Selecting content archival approach

Storing a large amount of content in the content tree can have a significant impact on website performance. You can set up archival of outdated pages in your system so that you reduce the number of pages in the content tree.

We recommend the Archival section in the content tree approach for most projects, including projects with large amounts of pages (hundreds of thousands). For extremely content-heavy projects, consider using module classes or custom storage.

Archival section in the content tree

You can create a special section in the content tree into which you’ll move outdated pages. An even better approach is to keep the archived pages in the same section and creating new sections for new content — structured by years, for example.

When using this approach, the listings you use to display published pages need be configured to only to load data only from specific sub-sections of the content tree.
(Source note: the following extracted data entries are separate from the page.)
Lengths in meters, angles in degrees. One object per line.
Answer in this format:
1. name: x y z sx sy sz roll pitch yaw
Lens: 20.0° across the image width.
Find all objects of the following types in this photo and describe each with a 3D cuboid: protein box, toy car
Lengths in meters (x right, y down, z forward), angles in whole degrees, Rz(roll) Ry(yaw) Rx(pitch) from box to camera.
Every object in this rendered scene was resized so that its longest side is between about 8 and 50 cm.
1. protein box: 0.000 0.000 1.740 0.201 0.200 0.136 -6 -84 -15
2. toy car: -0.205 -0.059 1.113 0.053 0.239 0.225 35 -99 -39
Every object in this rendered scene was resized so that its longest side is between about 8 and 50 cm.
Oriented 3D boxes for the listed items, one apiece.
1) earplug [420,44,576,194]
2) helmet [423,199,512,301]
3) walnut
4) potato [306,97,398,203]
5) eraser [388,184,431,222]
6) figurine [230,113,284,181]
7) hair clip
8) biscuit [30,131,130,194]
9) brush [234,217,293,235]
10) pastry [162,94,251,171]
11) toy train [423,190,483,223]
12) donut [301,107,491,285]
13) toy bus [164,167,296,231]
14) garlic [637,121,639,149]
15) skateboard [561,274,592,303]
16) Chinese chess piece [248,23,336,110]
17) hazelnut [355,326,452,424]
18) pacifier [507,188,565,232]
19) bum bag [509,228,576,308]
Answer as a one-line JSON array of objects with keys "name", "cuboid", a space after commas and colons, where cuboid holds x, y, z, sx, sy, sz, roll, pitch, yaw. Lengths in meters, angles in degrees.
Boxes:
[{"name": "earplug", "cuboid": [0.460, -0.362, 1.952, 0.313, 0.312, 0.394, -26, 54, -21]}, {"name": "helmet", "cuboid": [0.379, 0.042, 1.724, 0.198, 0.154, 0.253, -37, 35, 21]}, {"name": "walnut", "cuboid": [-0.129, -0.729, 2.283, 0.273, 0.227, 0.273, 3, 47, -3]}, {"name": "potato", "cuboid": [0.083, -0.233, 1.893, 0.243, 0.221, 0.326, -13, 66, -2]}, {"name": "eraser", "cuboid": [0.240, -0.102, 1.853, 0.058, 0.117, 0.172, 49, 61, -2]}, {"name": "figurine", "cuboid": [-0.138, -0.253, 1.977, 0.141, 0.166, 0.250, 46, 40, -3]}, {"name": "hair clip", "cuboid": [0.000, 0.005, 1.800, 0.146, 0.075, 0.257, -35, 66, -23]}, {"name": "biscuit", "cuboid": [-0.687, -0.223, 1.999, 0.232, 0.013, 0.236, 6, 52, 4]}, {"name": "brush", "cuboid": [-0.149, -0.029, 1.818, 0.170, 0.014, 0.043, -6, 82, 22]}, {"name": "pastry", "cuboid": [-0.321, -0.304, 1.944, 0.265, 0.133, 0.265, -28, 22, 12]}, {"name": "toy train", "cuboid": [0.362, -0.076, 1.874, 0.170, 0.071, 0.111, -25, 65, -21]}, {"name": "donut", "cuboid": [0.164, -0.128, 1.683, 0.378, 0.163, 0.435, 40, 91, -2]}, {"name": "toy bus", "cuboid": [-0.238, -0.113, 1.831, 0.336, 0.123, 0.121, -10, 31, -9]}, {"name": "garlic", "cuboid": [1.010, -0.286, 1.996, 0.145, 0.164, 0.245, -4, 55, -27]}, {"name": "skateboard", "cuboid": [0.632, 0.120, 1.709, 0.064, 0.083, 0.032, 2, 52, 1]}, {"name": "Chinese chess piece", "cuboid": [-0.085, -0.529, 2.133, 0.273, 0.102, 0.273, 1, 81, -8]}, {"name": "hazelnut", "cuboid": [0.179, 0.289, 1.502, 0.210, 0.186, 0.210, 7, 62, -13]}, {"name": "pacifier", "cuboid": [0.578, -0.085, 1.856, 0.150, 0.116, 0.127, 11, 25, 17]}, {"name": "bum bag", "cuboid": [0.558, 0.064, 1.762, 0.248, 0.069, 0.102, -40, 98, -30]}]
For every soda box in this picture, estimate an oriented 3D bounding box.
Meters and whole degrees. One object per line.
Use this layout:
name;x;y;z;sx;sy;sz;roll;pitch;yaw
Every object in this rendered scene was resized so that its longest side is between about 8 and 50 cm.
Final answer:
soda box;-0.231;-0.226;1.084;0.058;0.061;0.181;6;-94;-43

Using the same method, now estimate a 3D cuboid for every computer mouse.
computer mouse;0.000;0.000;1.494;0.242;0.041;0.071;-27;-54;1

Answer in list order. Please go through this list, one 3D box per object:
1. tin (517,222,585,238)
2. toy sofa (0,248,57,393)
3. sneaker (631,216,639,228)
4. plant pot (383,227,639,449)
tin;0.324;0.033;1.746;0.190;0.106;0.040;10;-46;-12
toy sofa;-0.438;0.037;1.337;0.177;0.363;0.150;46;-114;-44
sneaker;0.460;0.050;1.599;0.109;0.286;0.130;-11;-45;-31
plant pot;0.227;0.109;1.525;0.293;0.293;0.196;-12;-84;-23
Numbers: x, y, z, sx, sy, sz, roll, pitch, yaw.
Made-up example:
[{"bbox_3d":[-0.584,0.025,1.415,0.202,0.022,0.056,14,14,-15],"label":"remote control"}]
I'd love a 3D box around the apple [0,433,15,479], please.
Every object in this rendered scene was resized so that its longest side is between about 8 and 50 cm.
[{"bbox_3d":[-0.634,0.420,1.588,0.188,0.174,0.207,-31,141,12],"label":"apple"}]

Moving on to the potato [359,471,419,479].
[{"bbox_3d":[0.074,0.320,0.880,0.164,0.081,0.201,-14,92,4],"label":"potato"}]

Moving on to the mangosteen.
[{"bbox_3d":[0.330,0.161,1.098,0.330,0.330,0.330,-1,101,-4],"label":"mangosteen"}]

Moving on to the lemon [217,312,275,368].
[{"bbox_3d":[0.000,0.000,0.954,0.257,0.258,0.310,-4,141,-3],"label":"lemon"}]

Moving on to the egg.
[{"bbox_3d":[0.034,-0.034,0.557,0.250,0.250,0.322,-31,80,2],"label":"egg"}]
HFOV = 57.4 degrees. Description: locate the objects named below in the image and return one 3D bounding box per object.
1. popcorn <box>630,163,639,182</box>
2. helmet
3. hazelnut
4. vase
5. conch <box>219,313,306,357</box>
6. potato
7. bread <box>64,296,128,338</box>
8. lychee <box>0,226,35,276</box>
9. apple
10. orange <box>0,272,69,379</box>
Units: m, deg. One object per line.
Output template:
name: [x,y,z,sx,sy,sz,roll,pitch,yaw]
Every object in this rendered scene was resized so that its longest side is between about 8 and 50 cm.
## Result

For example, in the following structure:

  • Articles
    • 2015
      • Months
        • Articles1
        • Article 2
    • 2014
    • 2013

Instead of displaying all the years in a single listing, individual web parts could be configured to cover only the pages stored under a specific year. You can configure this using the Path property.

Advantages

  • You can easily display the archived pages on the live site.
  • The archived pages can retain all their data, including the editing history.
  • You can easily restore archived pages.

Disadvantages

  • The archived pages are still part of the content tree. This approach can still have a performance impact.

Note: moving large sections of pages in the content tree is a performance demanding task. Make sure you don’t perform the operation in peak hours.

Module classes

You can move the main data stored in the archived pages into module classes.

Advantages

  • The archived pages are completely separated from the content tree.
  • You can view the archived data via the administration UI.

Disadvantages

  • To be able to store all the related objects, you have replicate their structure in module classes as well.
  • You can only display the archived pages on the live site using a Repeater with custom query or by a your own implementation of a data source web part.
  • Editing history is lost.
  • The archived pages cannot be easily restored from the archive.

Custom storage

You can use the API to retrieve outdated pages and their related objects and store them in a custom storage. For example, you can serialize the data into an XML file.

Advantages

  • The archived pages are completely separated from the content tree.
  • The archived pages can retain all their data, including the editing history.
  • You can restore the archived pages.

Disadvantages

  • You cannot, by default, view the archived data via the administration UI.
  • You cannot easily display the archived pages on the live site.